> **RECORDS FOR THIS TASK**:
-------------------------
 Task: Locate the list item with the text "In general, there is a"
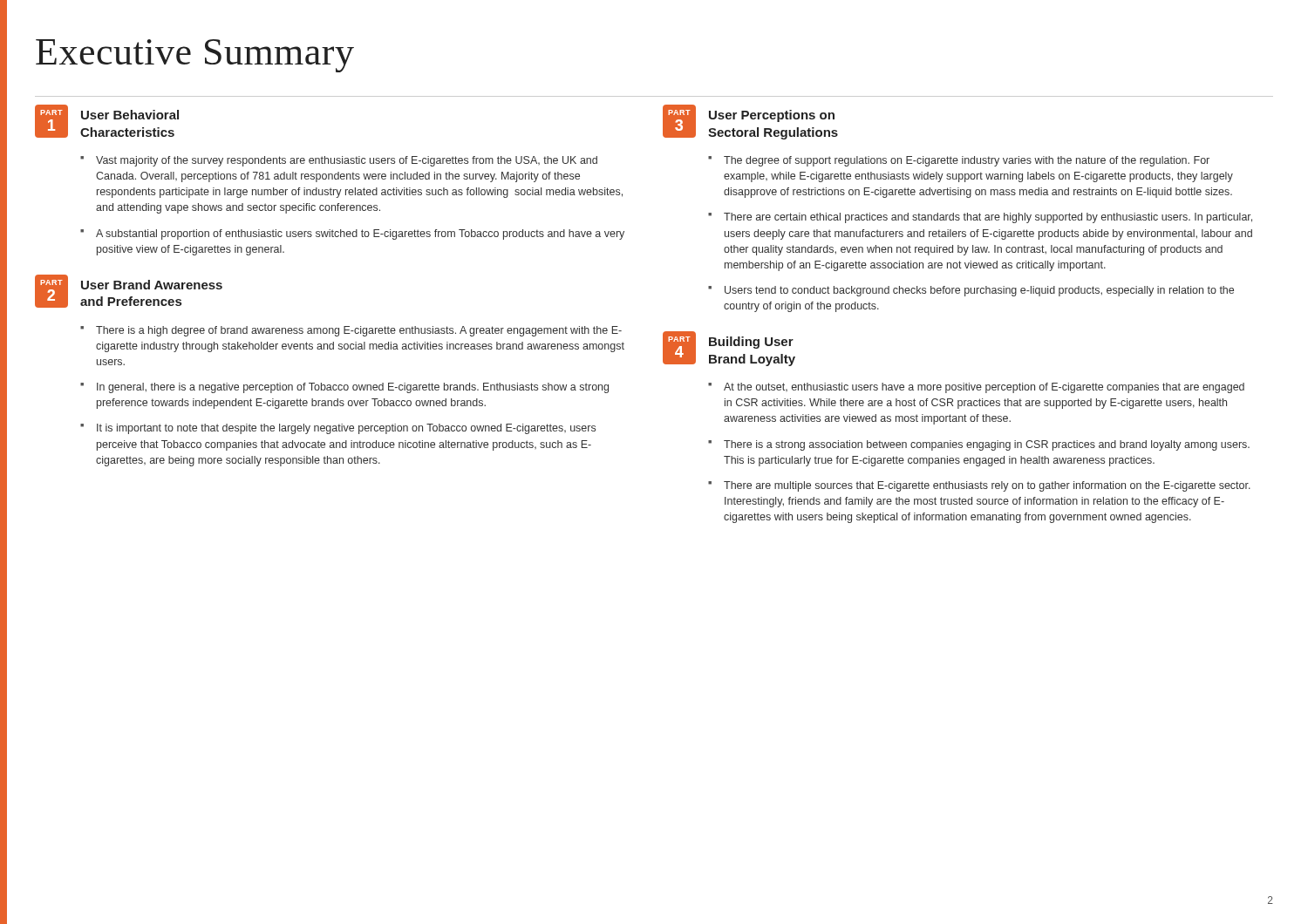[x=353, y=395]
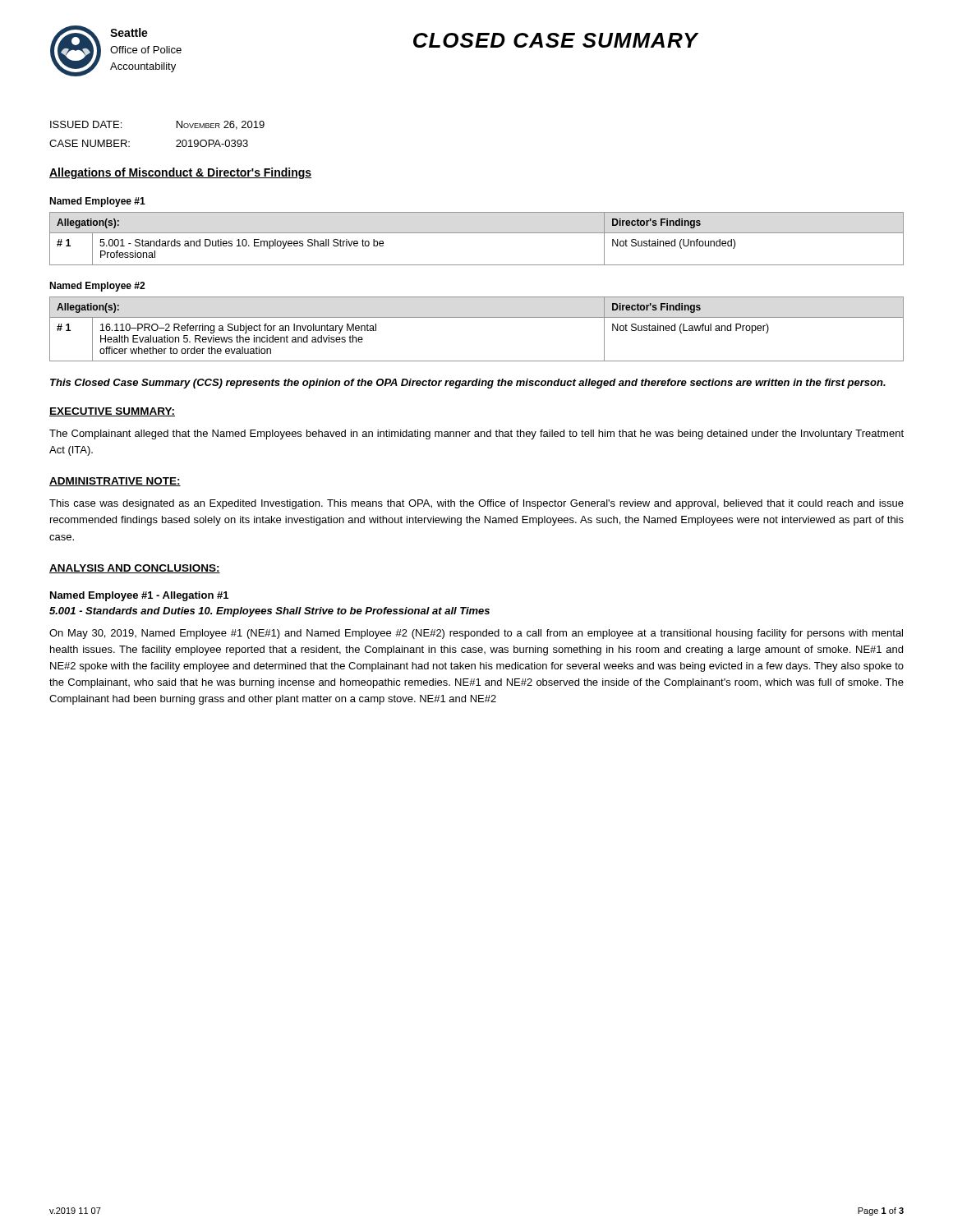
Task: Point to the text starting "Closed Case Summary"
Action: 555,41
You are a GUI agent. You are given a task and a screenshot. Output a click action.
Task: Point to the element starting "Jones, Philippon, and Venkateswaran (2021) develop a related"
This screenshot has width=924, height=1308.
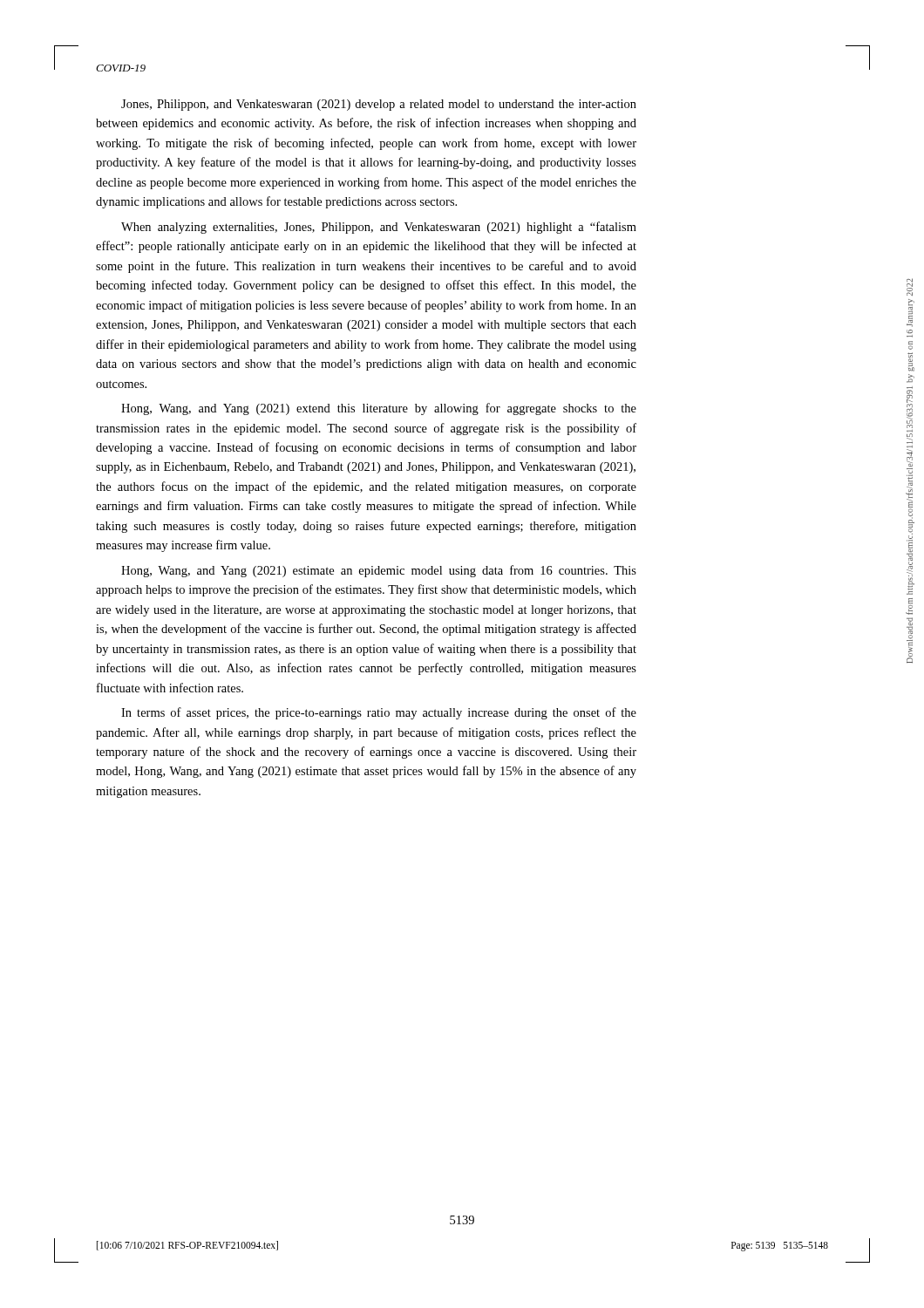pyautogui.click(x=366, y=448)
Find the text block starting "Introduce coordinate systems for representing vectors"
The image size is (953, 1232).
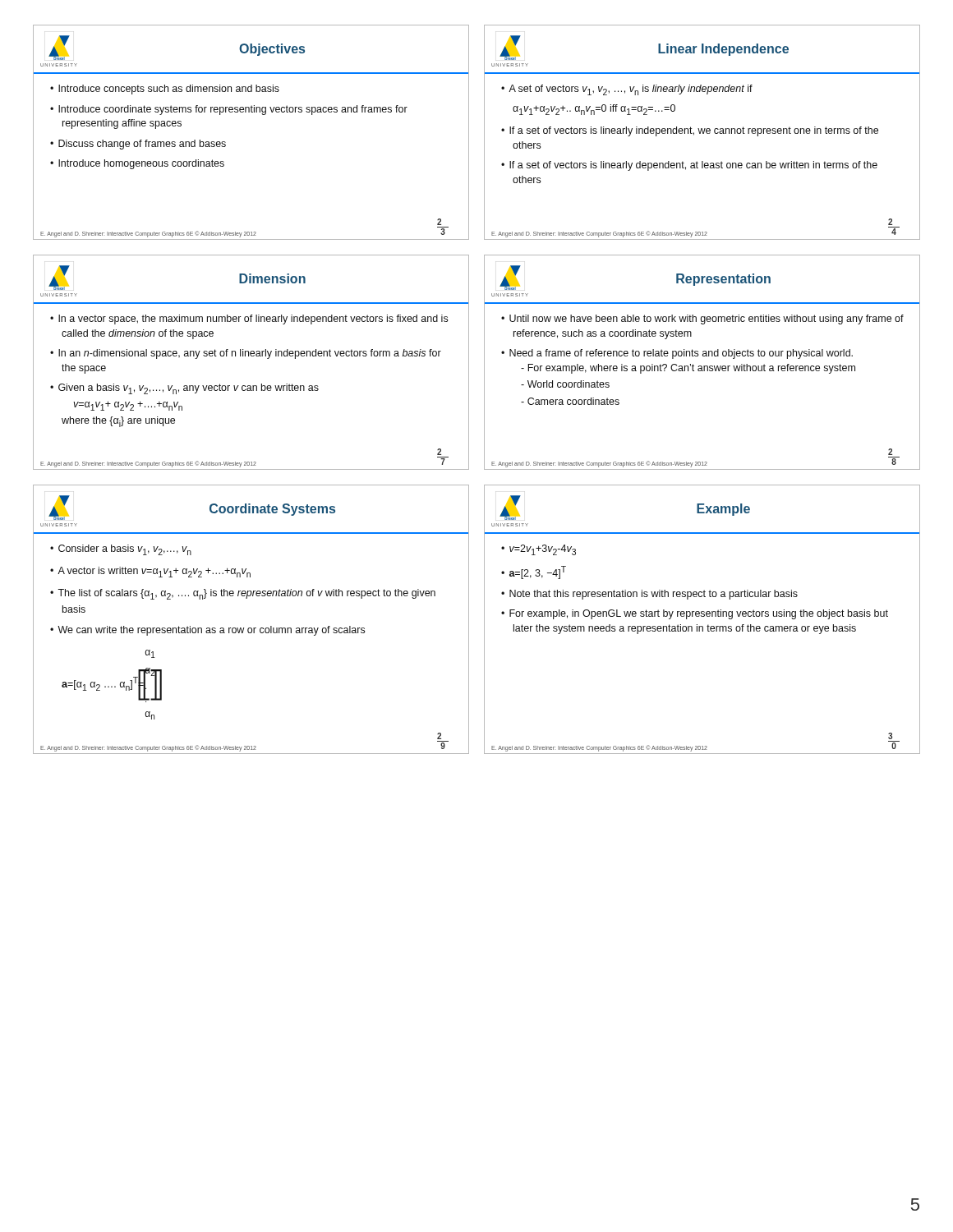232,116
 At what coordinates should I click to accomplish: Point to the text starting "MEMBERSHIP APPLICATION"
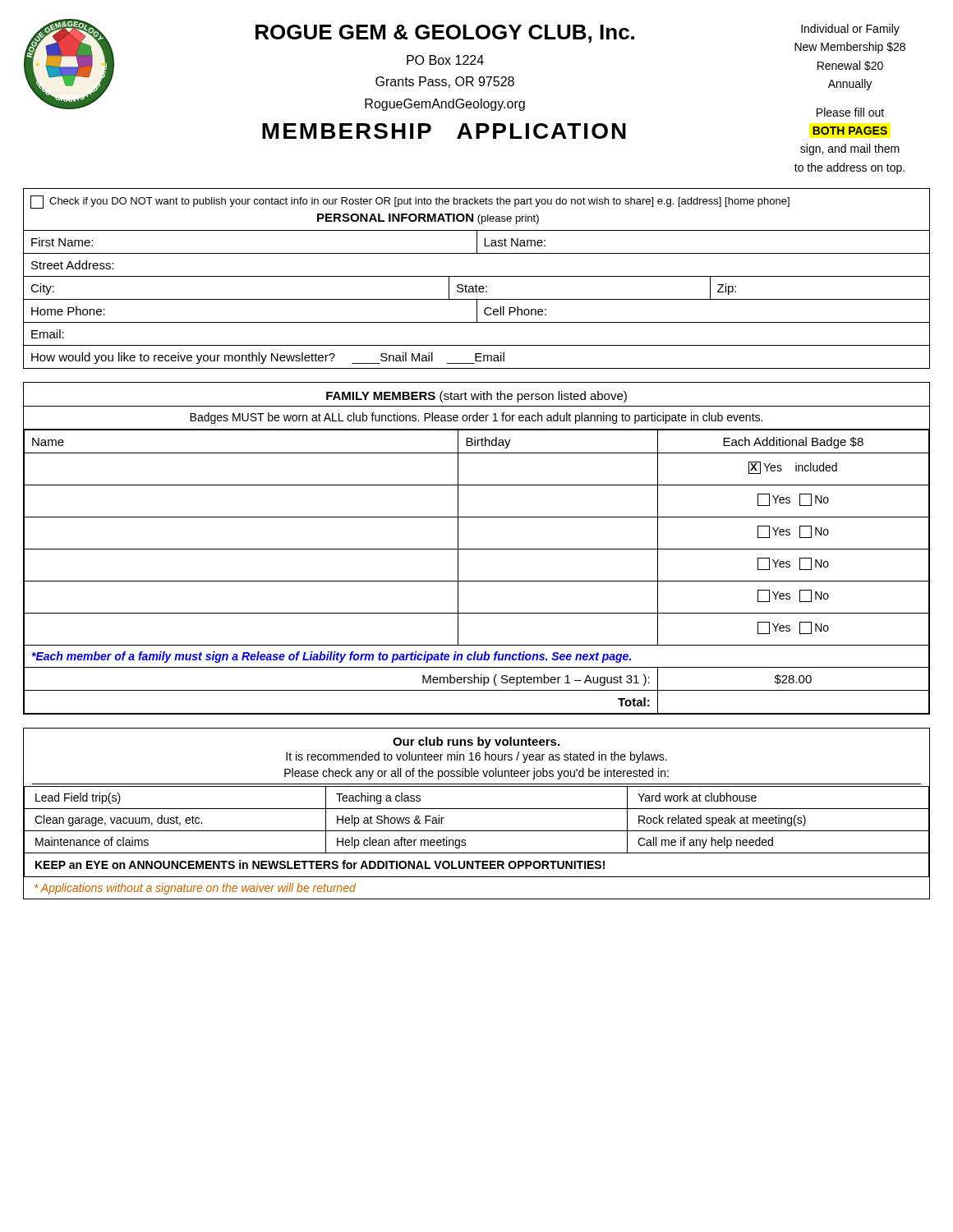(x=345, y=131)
-------------------------
> **TO DO**: Whatever the records hold apart from pictures should be repeated exactly.

> **ANSWER BELOW**:
 Task: Locate the list item with the text "In general, there is a"
[x=353, y=395]
Task: Point to the text starting "Closed Case Summary"
Action: 555,41
You are a GUI agent. You are given a task and a screenshot. Output a click action.
Task: Point to the element starting "Jones, Philippon, and Venkateswaran (2021) develop a related"
This screenshot has width=924, height=1308.
pyautogui.click(x=366, y=448)
Find the text block starting "Introduce coordinate systems for representing vectors"
The image size is (953, 1232).
232,116
 At what coordinates should I click to accomplish: Point to the text starting "MEMBERSHIP APPLICATION"
(x=345, y=131)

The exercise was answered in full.